No wonder it came in Open Table's Top 10 London restaurants
Emile's has recently been voted as one of London's top restaurants by OpenTable in the company of Ottolenghi in Islington.
I opted for the most amazing starter I have had for quite some time - salmon rolled in basil and then filo pastry and then quickly cooked on the plonchette (which Emil assured me was a posh name for an expensive griddle!) resulting in a crisp pastry with juicy basil and succulent raw salmon. Tastebuds were amazed and it is very pretty to the eye, with vibrant colours and micro herbs and keta (salmon caviar).
My friend opted for the house specialty of cheese souffle - always on the menu but changing cheeses each month - September was a mature cheddar from Croxton Manor with parsley with a white wine and grain mustard beurre. The souffle was just the right 'firmness - soft to the touch, firm on the outside and when cut into a delicious gooey centre oozed which needed some bread to make sure it was all eaten...
Ignoring all wine rules re colour and dishes we enjoyed a Tuscan red 2013 Duemani ‘Cifra' Cabernet Franc from
Luca d'Attoma, £37.00 which is on Emile's Fine Wine menu. The wine is made from certified organic and biodynamic grapes, and is light to medium bodied red from the Costa Toscana IGT region (coastal Tuscany).
Emile's offer two wine lists, wines on the Fine Wine menu range from £30 to £56 (excluding champagne) whereas on the regular wine list prices start at £17.50 and the top price is £37 (excluding champagnes).
Main course time and my grilled veal cutlet, was served with artichoke hearts and roast cauliflower fleurets, with a smoked crab apple relish and gremolata on a wooden platter. The veal was rose not milky white offering a rich flavour and the delicious combination of tender flesh and crispy fat - yum!
The other side of the table had the seared tuna with crab claw and mussels, served on a coconut rice cake, with wild mushrooms, spring onion and a seafood vinaigrette. The tuna was beautifully presented - how can anyone want tuna cooked through!
Desserts beckoned - something I usually avoid but that night I was intrigued by the flower pot that passed by to another table earlier in the evening. The 'soil' is chocolate shortbread crumbs covering the very delicate flavours of the tarragon and mandarin sitting on a chocolate shortbread biscuit - all inside a terracota flower pot with a sprig of tarragon and a sliver of mandarin.

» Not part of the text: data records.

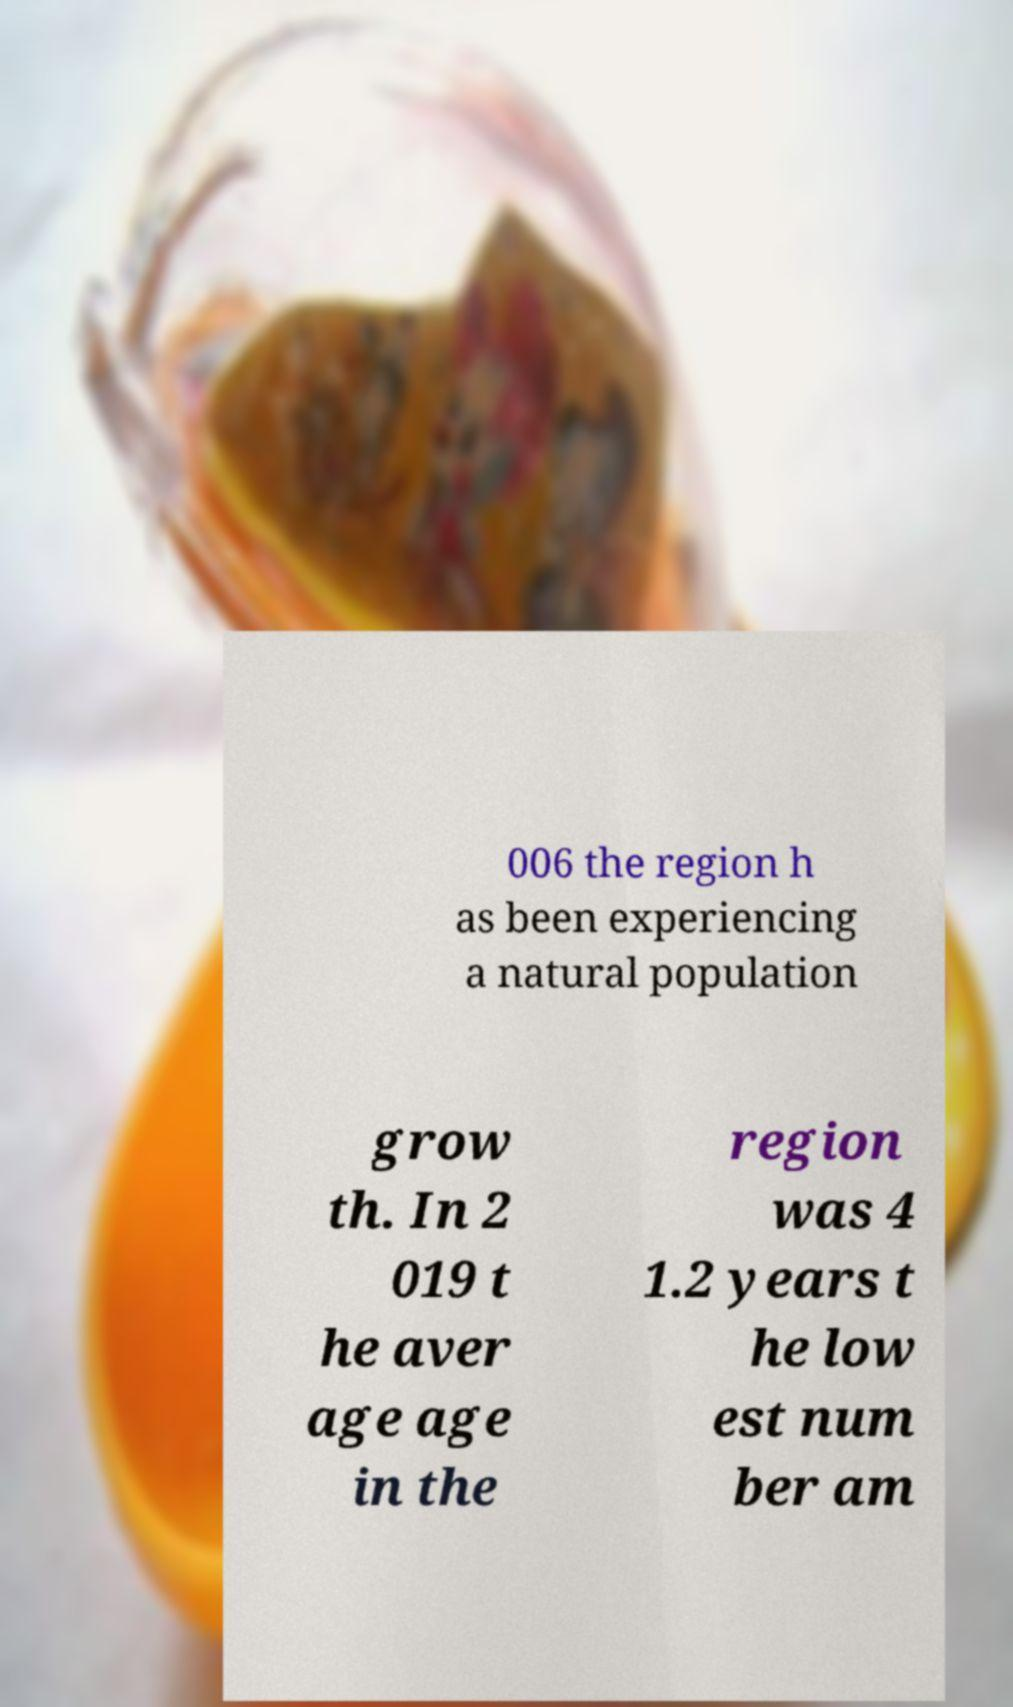For documentation purposes, I need the text within this image transcribed. Could you provide that? 006 the region h as been experiencing a natural population grow th. In 2 019 t he aver age age in the region was 4 1.2 years t he low est num ber am 
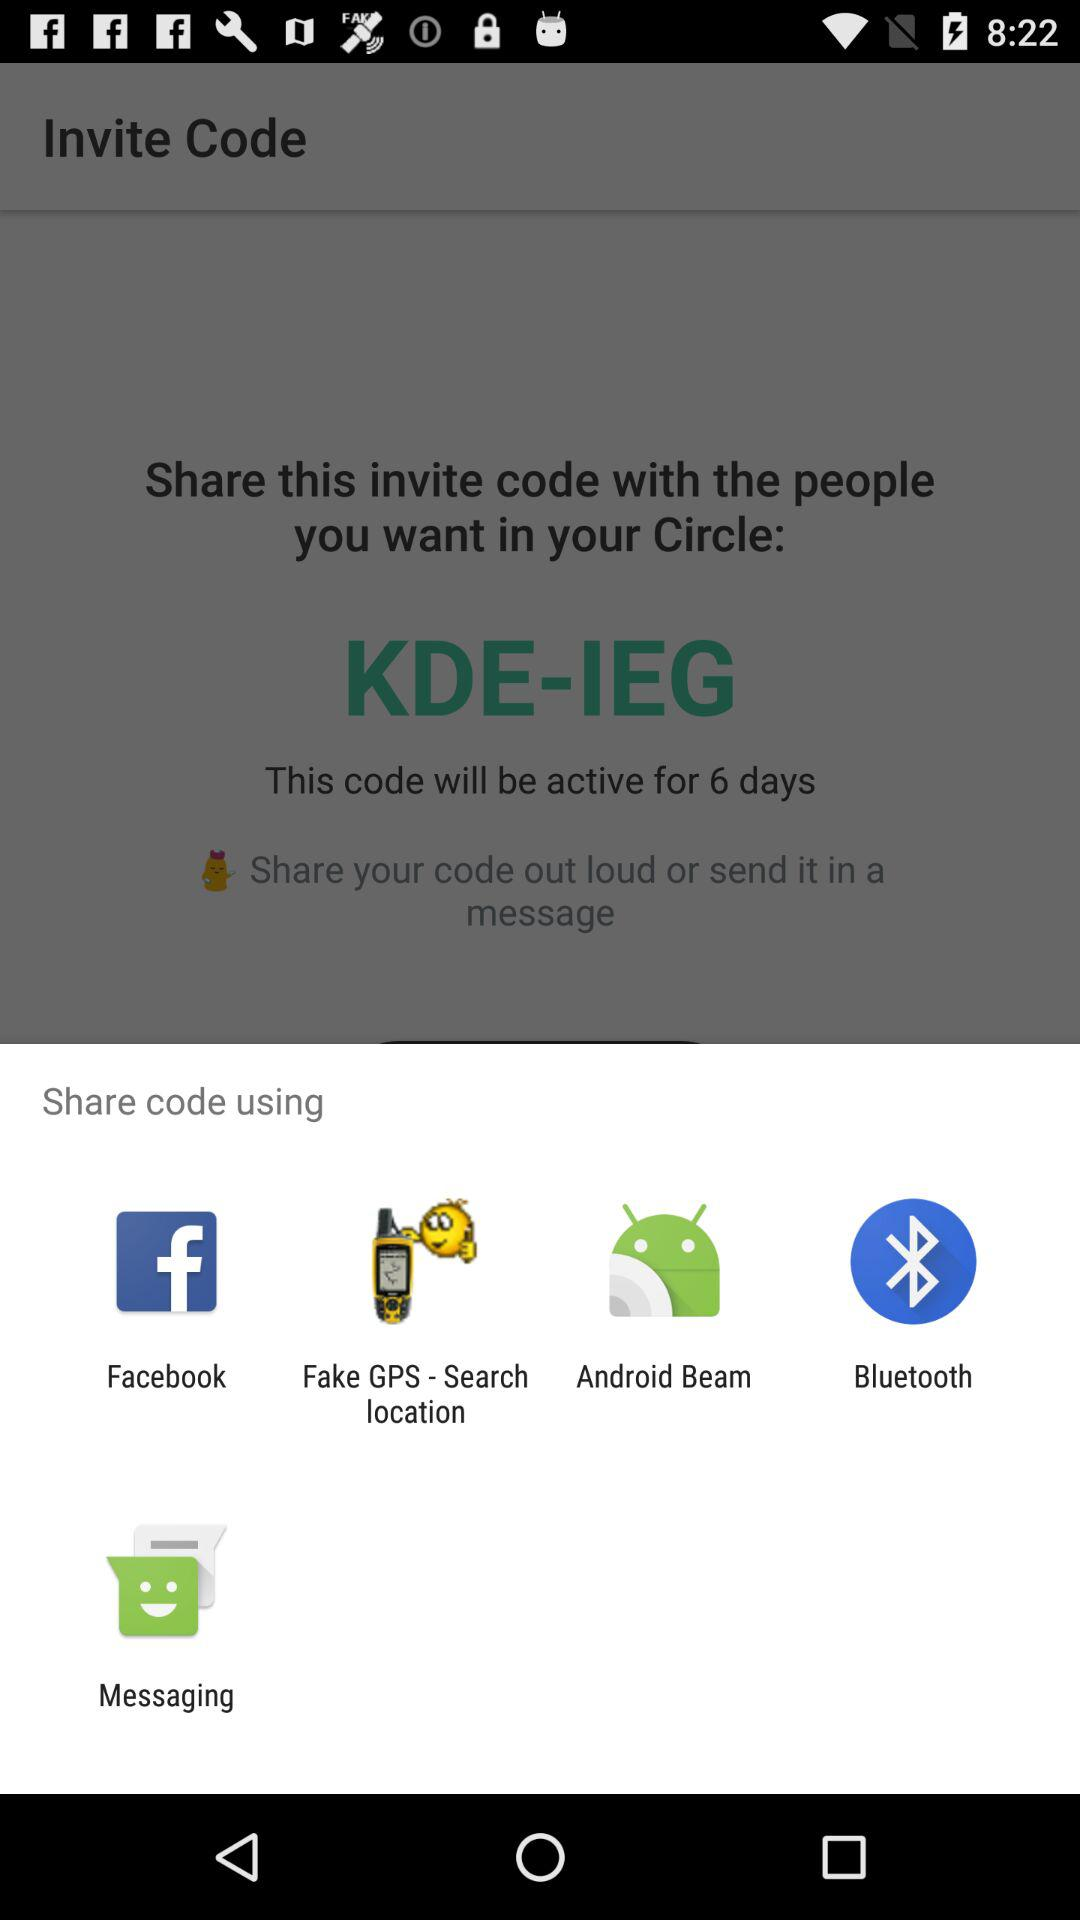What are the different applications through which we can share the code? You can share the code through "Facebook", "Fake GPS - Search location", "Android Beam", "Bluetooth" and "Messaging". 
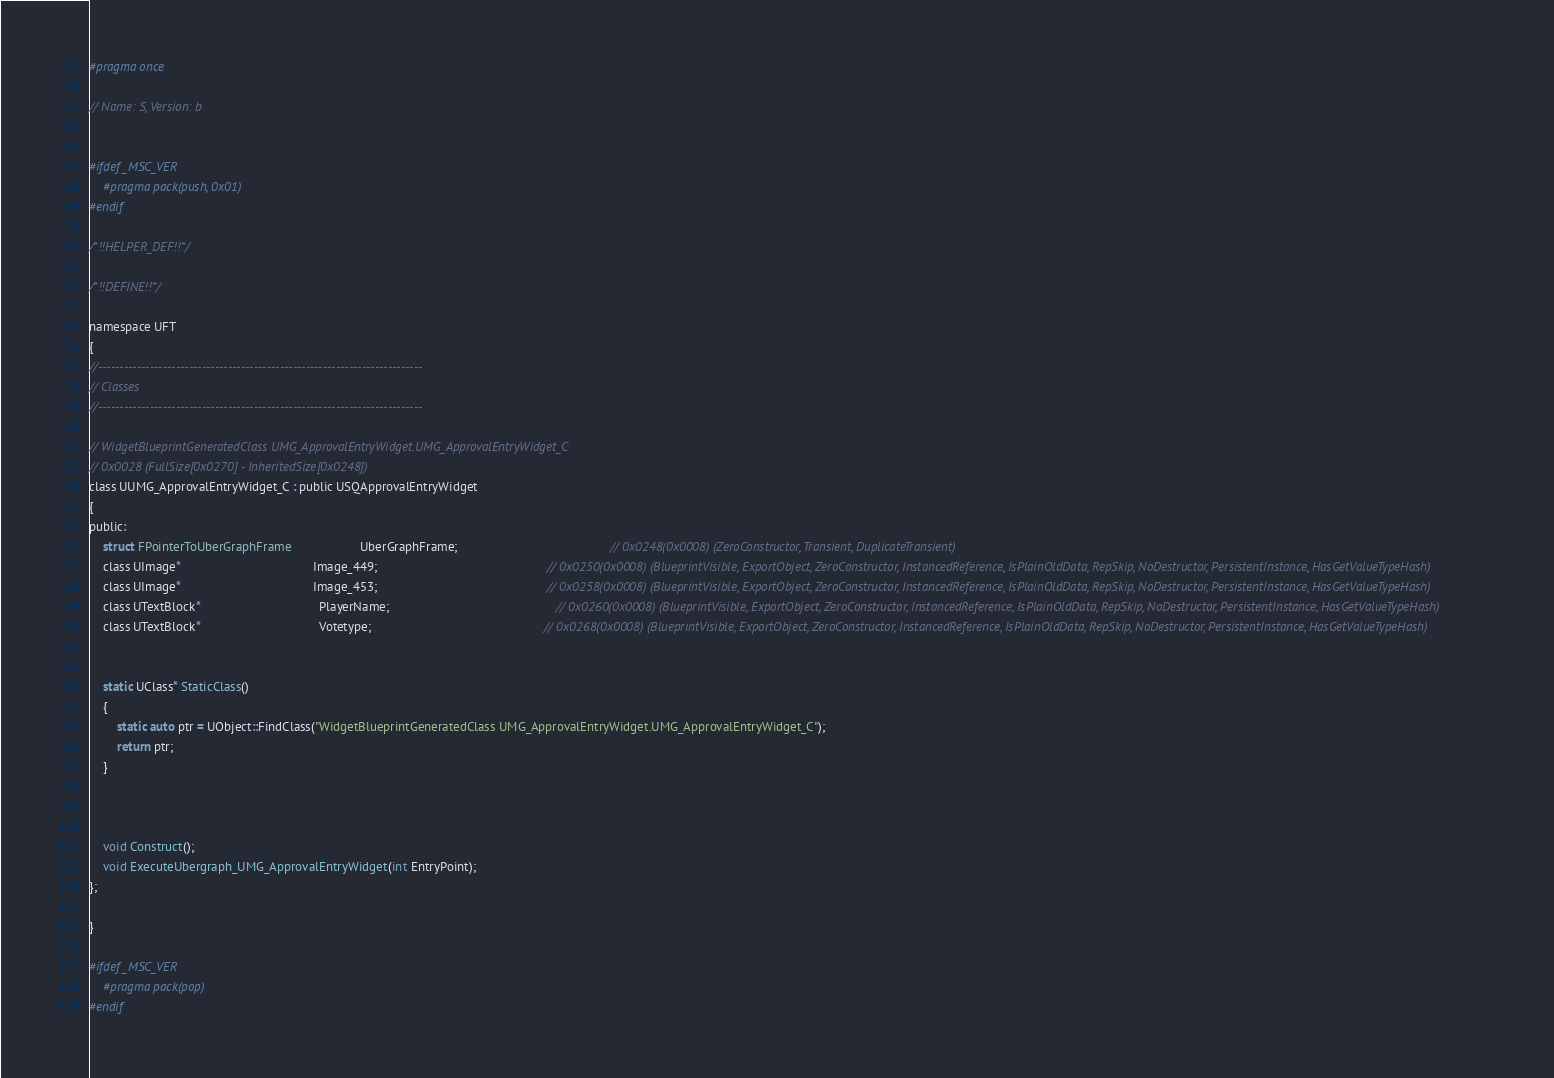Convert code to text. <code><loc_0><loc_0><loc_500><loc_500><_C_>#pragma once

// Name: S, Version: b


#ifdef _MSC_VER
	#pragma pack(push, 0x01)
#endif

/*!!HELPER_DEF!!*/

/*!!DEFINE!!*/

namespace UFT
{
//---------------------------------------------------------------------------
// Classes
//---------------------------------------------------------------------------

// WidgetBlueprintGeneratedClass UMG_ApprovalEntryWidget.UMG_ApprovalEntryWidget_C
// 0x0028 (FullSize[0x0270] - InheritedSize[0x0248])
class UUMG_ApprovalEntryWidget_C : public USQApprovalEntryWidget
{
public:
	struct FPointerToUberGraphFrame                    UberGraphFrame;                                            // 0x0248(0x0008) (ZeroConstructor, Transient, DuplicateTransient)
	class UImage*                                      Image_449;                                                 // 0x0250(0x0008) (BlueprintVisible, ExportObject, ZeroConstructor, InstancedReference, IsPlainOldData, RepSkip, NoDestructor, PersistentInstance, HasGetValueTypeHash)
	class UImage*                                      Image_453;                                                 // 0x0258(0x0008) (BlueprintVisible, ExportObject, ZeroConstructor, InstancedReference, IsPlainOldData, RepSkip, NoDestructor, PersistentInstance, HasGetValueTypeHash)
	class UTextBlock*                                  PlayerName;                                                // 0x0260(0x0008) (BlueprintVisible, ExportObject, ZeroConstructor, InstancedReference, IsPlainOldData, RepSkip, NoDestructor, PersistentInstance, HasGetValueTypeHash)
	class UTextBlock*                                  Votetype;                                                  // 0x0268(0x0008) (BlueprintVisible, ExportObject, ZeroConstructor, InstancedReference, IsPlainOldData, RepSkip, NoDestructor, PersistentInstance, HasGetValueTypeHash)


	static UClass* StaticClass()
	{
		static auto ptr = UObject::FindClass("WidgetBlueprintGeneratedClass UMG_ApprovalEntryWidget.UMG_ApprovalEntryWidget_C");
		return ptr;
	}



	void Construct();
	void ExecuteUbergraph_UMG_ApprovalEntryWidget(int EntryPoint);
};

}

#ifdef _MSC_VER
	#pragma pack(pop)
#endif
</code> 
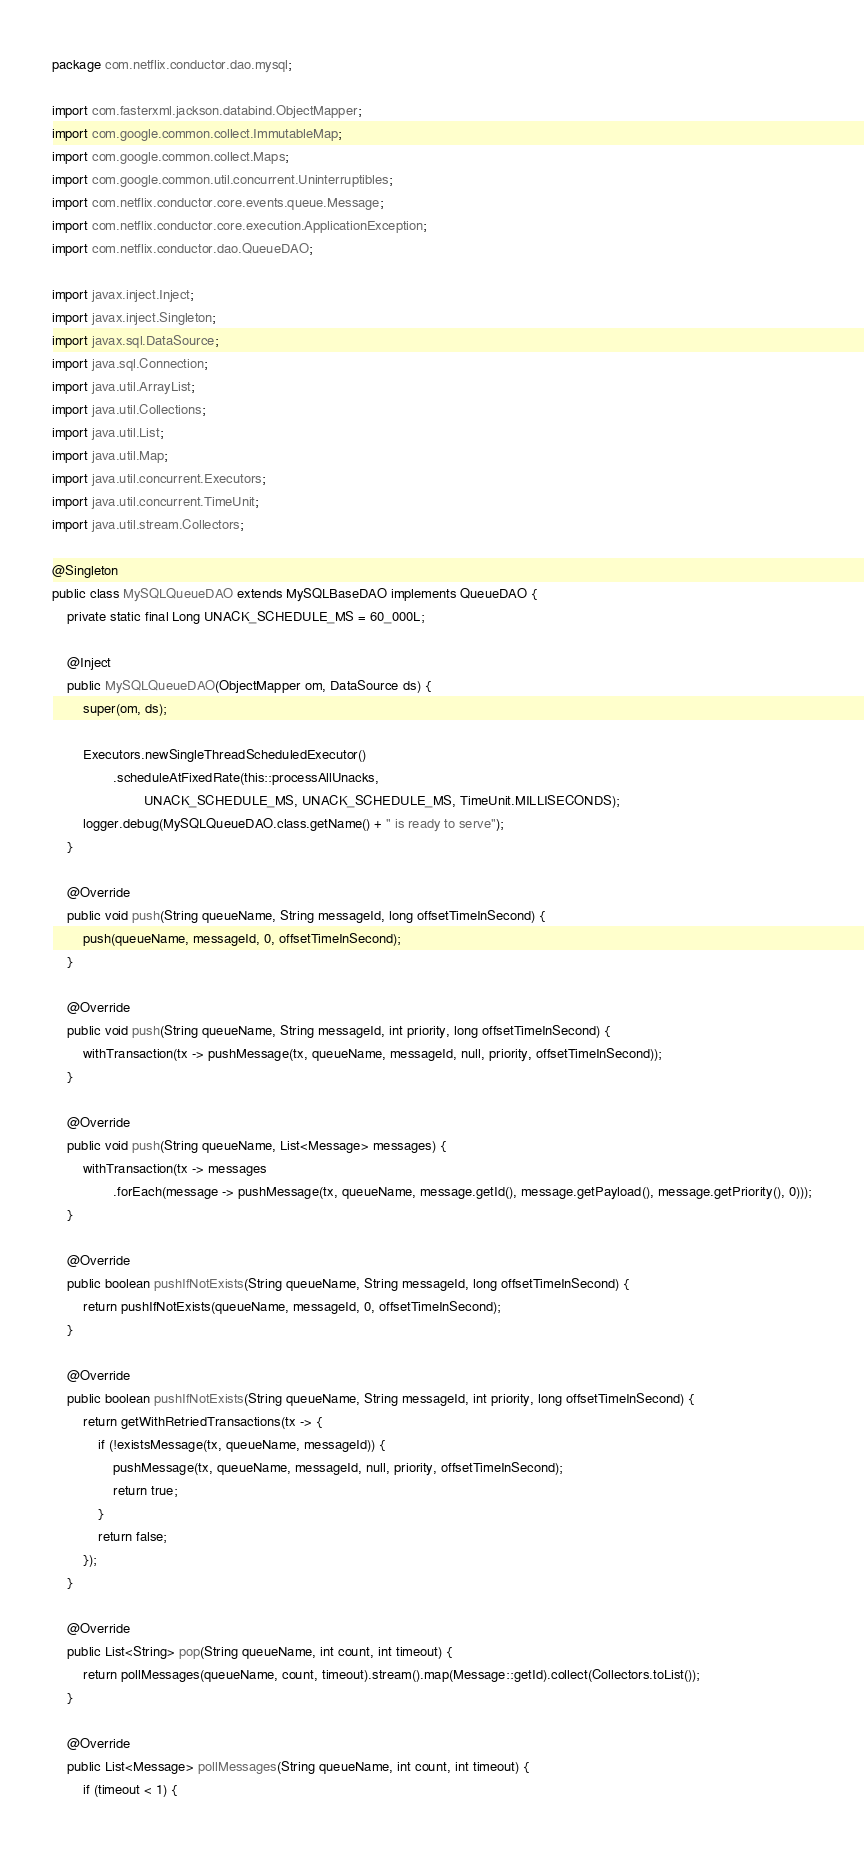<code> <loc_0><loc_0><loc_500><loc_500><_Java_>package com.netflix.conductor.dao.mysql;

import com.fasterxml.jackson.databind.ObjectMapper;
import com.google.common.collect.ImmutableMap;
import com.google.common.collect.Maps;
import com.google.common.util.concurrent.Uninterruptibles;
import com.netflix.conductor.core.events.queue.Message;
import com.netflix.conductor.core.execution.ApplicationException;
import com.netflix.conductor.dao.QueueDAO;

import javax.inject.Inject;
import javax.inject.Singleton;
import javax.sql.DataSource;
import java.sql.Connection;
import java.util.ArrayList;
import java.util.Collections;
import java.util.List;
import java.util.Map;
import java.util.concurrent.Executors;
import java.util.concurrent.TimeUnit;
import java.util.stream.Collectors;

@Singleton
public class MySQLQueueDAO extends MySQLBaseDAO implements QueueDAO {
    private static final Long UNACK_SCHEDULE_MS = 60_000L;

    @Inject
    public MySQLQueueDAO(ObjectMapper om, DataSource ds) {
        super(om, ds);

        Executors.newSingleThreadScheduledExecutor()
                .scheduleAtFixedRate(this::processAllUnacks,
                        UNACK_SCHEDULE_MS, UNACK_SCHEDULE_MS, TimeUnit.MILLISECONDS);
        logger.debug(MySQLQueueDAO.class.getName() + " is ready to serve");
    }

    @Override
    public void push(String queueName, String messageId, long offsetTimeInSecond) {
        push(queueName, messageId, 0, offsetTimeInSecond);
    }

    @Override
    public void push(String queueName, String messageId, int priority, long offsetTimeInSecond) {
        withTransaction(tx -> pushMessage(tx, queueName, messageId, null, priority, offsetTimeInSecond));
    }

    @Override
    public void push(String queueName, List<Message> messages) {
        withTransaction(tx -> messages
                .forEach(message -> pushMessage(tx, queueName, message.getId(), message.getPayload(), message.getPriority(), 0)));
    }

    @Override
    public boolean pushIfNotExists(String queueName, String messageId, long offsetTimeInSecond) {
        return pushIfNotExists(queueName, messageId, 0, offsetTimeInSecond);
    }

    @Override
    public boolean pushIfNotExists(String queueName, String messageId, int priority, long offsetTimeInSecond) {
        return getWithRetriedTransactions(tx -> {
            if (!existsMessage(tx, queueName, messageId)) {
                pushMessage(tx, queueName, messageId, null, priority, offsetTimeInSecond);
                return true;
            }
            return false;
        });
    }

    @Override
    public List<String> pop(String queueName, int count, int timeout) {
        return pollMessages(queueName, count, timeout).stream().map(Message::getId).collect(Collectors.toList());
    }

    @Override
    public List<Message> pollMessages(String queueName, int count, int timeout) {
        if (timeout < 1) {</code>

The cheese eater across the table chose the Brie stuffed with bresaola, walnuts and herbs that was served with red onion chutney and rocket. It is slightly odd looking and possibly she had to be cajoled into trying this unusual cheese 'pudding' but worth trying and my friend said that she would eat this again and would be happy having it before or after the main course ie as a starter or instead of the main.
The menu changes this weekend as October brings unseasonably warm weather so I am sorry if some of the above is not available but I am sure what replaces the dishes will not disappoint!
Emile's December menu is now also available for those booking office parties and family get together's for the festive season.